# Convolutions 

In [None]:
import torch 
from torch import nn

In [3]:
# Cross Correlation/convolution:

def corr2d(X, K): 
    h, w = K.shape
    Y = torch.zeros((X.shape[0] - h + 1, X.shape[1] - w + 1))
    for i in range(Y.shape[0]):
        for j in range(Y.shape[1]):
            Y[i, j] = torch.sum((X[i: i + h, j: j + w] * K))
    return Y

In [6]:
# Example:
X = torch.tensor([[0.0, 1.0, 2.0], [3.0, 4.0, 5.0], [6.0, 7.0, 8.0]])
K = torch.tensor([[0.0, 1.0], [2.0, 3.0]])
corr2d(X, K)

tensor([[19., 25.],
        [37., 43.]])

# Convolution_Layer 

In [25]:
class Conv2D(nn.Module):
    def __init__(self, kernel_size):
        super().__init__
        self.weight = nn.Parameter(torch.rand(kernel_size))
        self.bias = nn.Parameter(torch.zeros(1))
        
    def forward(self,x):
        return corr2d(x,self.weight) + self.bias
        
# number of parameters = number_of_kernels *(size of kernels + 1)

In [26]:
# Edge detection:

X = torch.ones((6, 8))
X[:, 2:6] = 0
X

tensor([[1., 1., 0., 0., 0., 0., 1., 1.],
        [1., 1., 0., 0., 0., 0., 1., 1.],
        [1., 1., 0., 0., 0., 0., 1., 1.],
        [1., 1., 0., 0., 0., 0., 1., 1.],
        [1., 1., 0., 0., 0., 0., 1., 1.],
        [1., 1., 0., 0., 0., 0., 1., 1.]])

In [27]:
K = torch.tensor([[1.0, -1.0]])
Y = corr2d(X, K)
Y

# we can see, we detect 1 for the edge from white to black and -1 for the edge from black to white.
# All other outputs take value 0.

tensor([[ 0.,  1.,  0.,  0.,  0., -1.,  0.],
        [ 0.,  1.,  0.,  0.,  0., -1.,  0.],
        [ 0.,  1.,  0.,  0.,  0., -1.,  0.],
        [ 0.,  1.,  0.,  0.,  0., -1.,  0.],
        [ 0.,  1.,  0.,  0.,  0., -1.,  0.],
        [ 0.,  1.,  0.,  0.,  0., -1.,  0.]])

In [28]:
Conv2D

__main__.Conv2D

In [36]:
conv2d = nn.Conv2d(1,1, kernel_size=(1, 2), bias=False)

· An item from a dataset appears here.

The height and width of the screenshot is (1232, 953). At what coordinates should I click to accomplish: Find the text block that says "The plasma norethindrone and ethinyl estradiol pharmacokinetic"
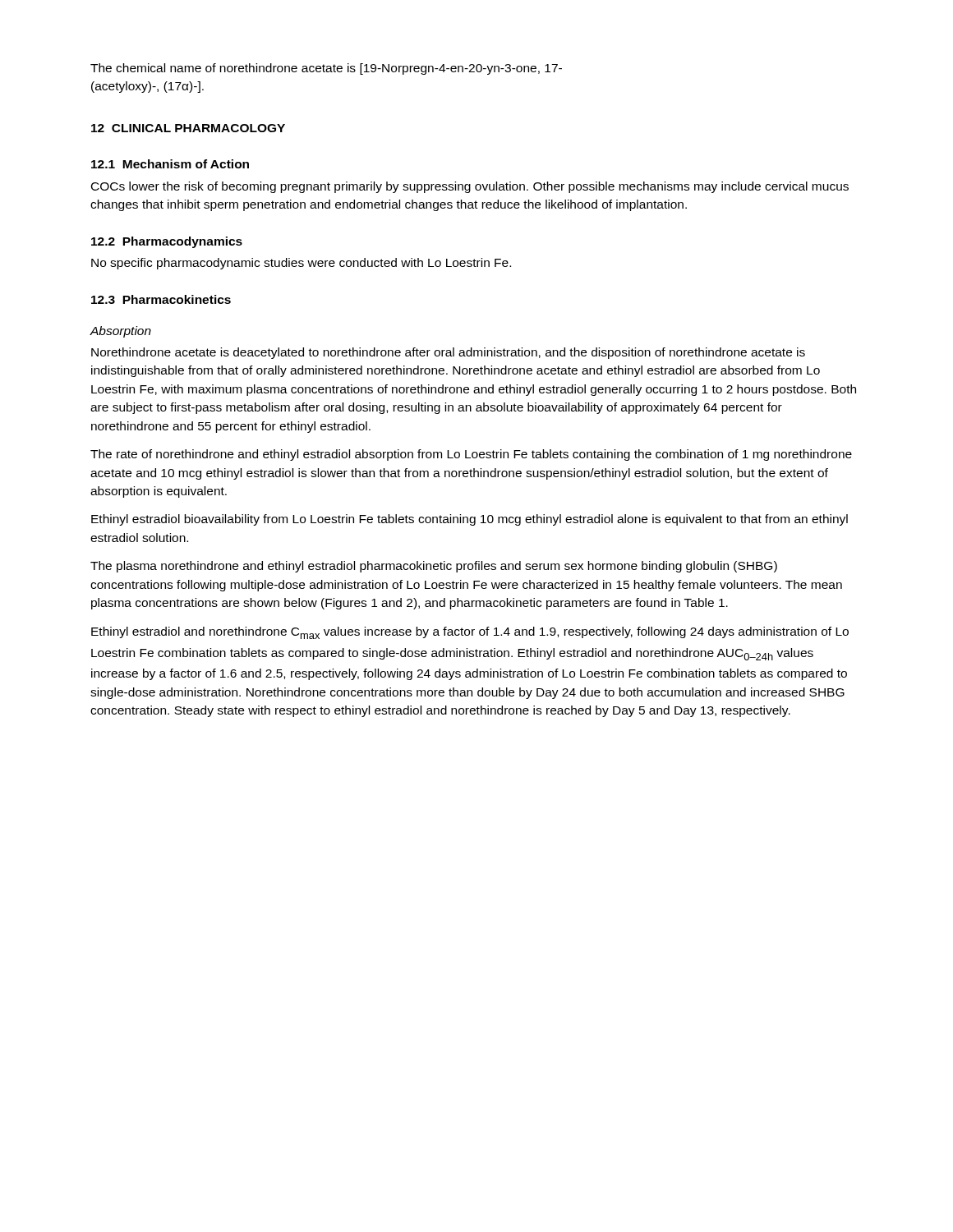pos(466,584)

X = X.reshape((1, 1, 6, 8))
Y = Y.reshape((1, 1, 6, 7))

for i in range(15):
    Y_hat = conv2d(X)
    l = (Y_hat - Y) ** 2
    conv2d.zero_grad()
    l.sum().backward()
    # Update the kernel
    conv2d.weight.data[:] -= 3e-2 * conv2d.weight.grad
    if (i + 1) % 2 == 0:
        print(f'batch {i + 1}, loss {l.sum():.3f}')

batch 2, loss 10.863
batch 4, loss 2.809
batch 6, loss 0.875
batch 8, loss 0.312
batch 10, loss 0.120
batch 12, loss 0.048
batch 14, loss 0.019


In [39]:
conv2d.weight

Parameter containing:
tensor([[[[ 1.0100, -0.9871]]]], requires_grad=True)

# Padding

In [48]:
def comp_conv2d(conv2d, X):
    X = X.reshape((1, 1) + X.shape)
#     print(X.shape)
    Y = conv2d(X)
    return Y.reshape(Y.shape[2:])

# Padding=1 implies we are adding a row and column on either sides of our image
# inshort we are adding 1 rows in either side and 1 columns in either sides.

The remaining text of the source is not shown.